@kartiksubbarao looks like you are trying to accelerate finding unique values for a Pandas Series? Bodo uses Numba to accelerate Pandas and may support your use case automatically. I added Bodo to you code to demonstrate. Also, having timers outside the call measures the compilation time so put the timers inside functions:
import random
import string
import pandas as pd
import numba
from time import time
import bodo
def seen_name(names):
start = time()
seen = {}
for i in range(len(names)):
if names[i] not in seen: seen[names[i]] = True
print(f'\nseen_name => {time() - start:.4} seconds\n')
ntypes = numba.core.types
ndict = numba.typed.Dict
@numba.njit
def seen_name_numba(names):
start = time()
seen = ndict.empty(key_type=ntypes.unicode_type,
value_type=ntypes.boolean)
for i in range(len(names)):
if names[i] not in seen: seen[names[i]] = True
print(f'\nseen_name_numba => {time() - start} seconds')
@bodo.jit
def seen_name_bodo(names):
start = time()
res = names.nunique()
print(f'\nseen_name_bodo Series => {time() - start} seconds')
return res
allnames = []
# Generate a long list of random 10-letter strings
for i in range(1000000):
allnames.append(''.join(
random.choices(string.ascii_letters, k=10)))
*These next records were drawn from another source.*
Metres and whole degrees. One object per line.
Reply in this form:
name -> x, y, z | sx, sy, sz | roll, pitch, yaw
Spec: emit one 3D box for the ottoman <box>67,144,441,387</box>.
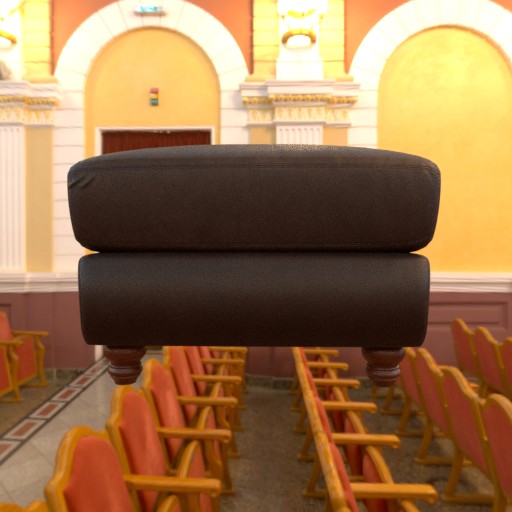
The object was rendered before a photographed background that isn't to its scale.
ottoman -> 0.000, 0.000, 1.241 | 0.806, 0.569, 0.670 | 0, 1, 2
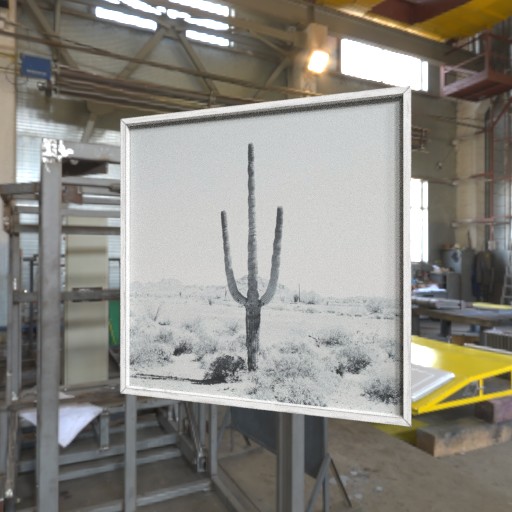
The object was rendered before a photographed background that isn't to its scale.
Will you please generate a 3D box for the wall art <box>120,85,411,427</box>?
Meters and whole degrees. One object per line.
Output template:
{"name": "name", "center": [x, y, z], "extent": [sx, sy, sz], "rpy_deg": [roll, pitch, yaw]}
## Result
{"name": "wall art", "center": [0.000, 0.000, 0.462], "extent": [0.305, 0.305, 0.038], "rpy_deg": [0, 0, 19]}
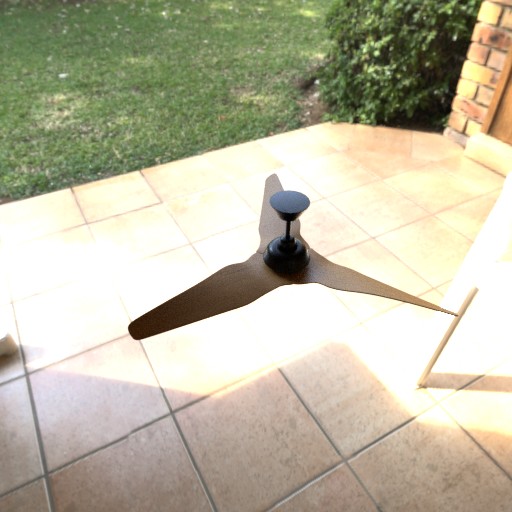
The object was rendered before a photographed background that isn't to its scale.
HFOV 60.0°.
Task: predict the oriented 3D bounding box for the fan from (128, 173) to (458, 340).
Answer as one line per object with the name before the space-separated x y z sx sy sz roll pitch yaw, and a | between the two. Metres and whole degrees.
fan | 0.000 0.000 1.624 1.010 0.355 1.142 -25 47 -26
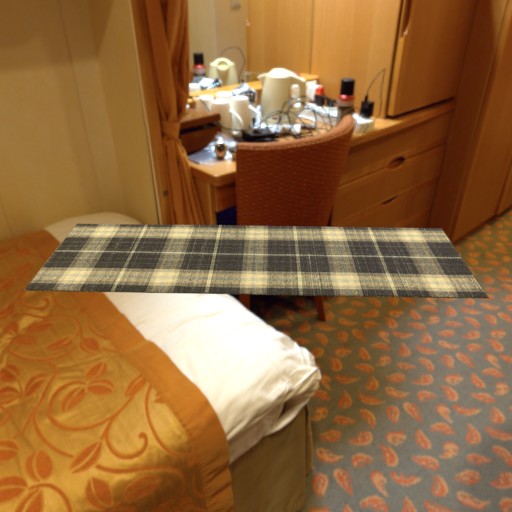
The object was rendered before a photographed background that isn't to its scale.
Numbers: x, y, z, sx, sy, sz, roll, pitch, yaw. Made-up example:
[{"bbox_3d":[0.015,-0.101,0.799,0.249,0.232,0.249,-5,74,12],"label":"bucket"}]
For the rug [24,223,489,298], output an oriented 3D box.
[{"bbox_3d":[0.000,0.000,2.632,2.434,0.012,0.760,1,32,1],"label":"rug"}]
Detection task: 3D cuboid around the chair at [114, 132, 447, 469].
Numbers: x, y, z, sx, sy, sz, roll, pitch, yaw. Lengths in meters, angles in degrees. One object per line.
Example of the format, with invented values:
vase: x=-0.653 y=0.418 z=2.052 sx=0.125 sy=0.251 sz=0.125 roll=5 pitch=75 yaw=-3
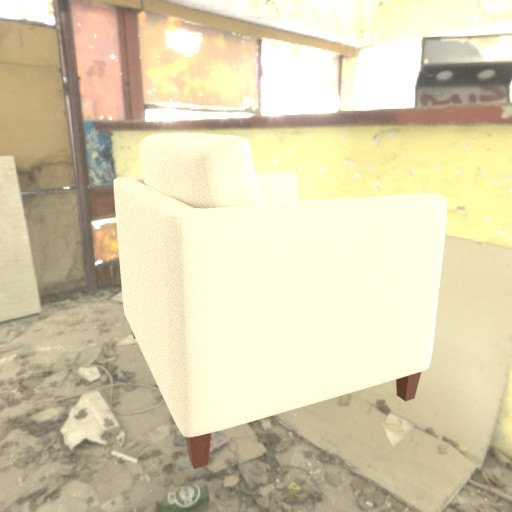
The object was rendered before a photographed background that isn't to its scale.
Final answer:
chair: x=0.000 y=0.000 z=1.650 sx=0.878 sy=0.885 sz=1.019 roll=-7 pitch=17 yaw=-24
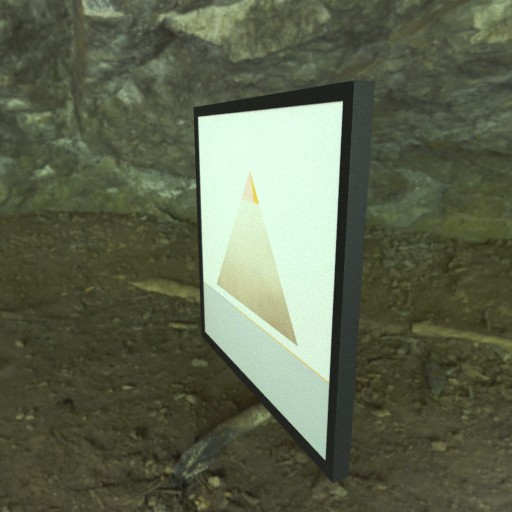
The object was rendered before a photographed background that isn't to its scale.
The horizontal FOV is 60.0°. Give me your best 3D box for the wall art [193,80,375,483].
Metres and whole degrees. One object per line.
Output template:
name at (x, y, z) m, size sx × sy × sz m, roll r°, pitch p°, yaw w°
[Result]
wall art at (0.000, 0.000, 0.760) m, size 0.028 × 0.511 × 0.513 m, roll -8°, pitch 17°, yaw -26°

# The real-world scenario stores the data in a dataframe
df = pd.DataFrame(allnames, columns=['name'])
seen_name(df.name.tolist())
seen_name_numba(df.name.tolist())
seen_name_numba(numba.typed.List(df.name))
seen_name_bodo(df.name)
Here are results on my MacBook Pro (2019, 2.3 GHz Intel Core i9) laptop:
seen_name => 0.2311 seconds
seen_name_numba => 0.270217 seconds
seen_name_numba => 0.344879 seconds
seen_name_bodo Series => 0.561972 seconds
Using regular Series in Bodo seems to have overhead (which we need to investigate), but you can parallelize your code and scale on more cores and data linearly.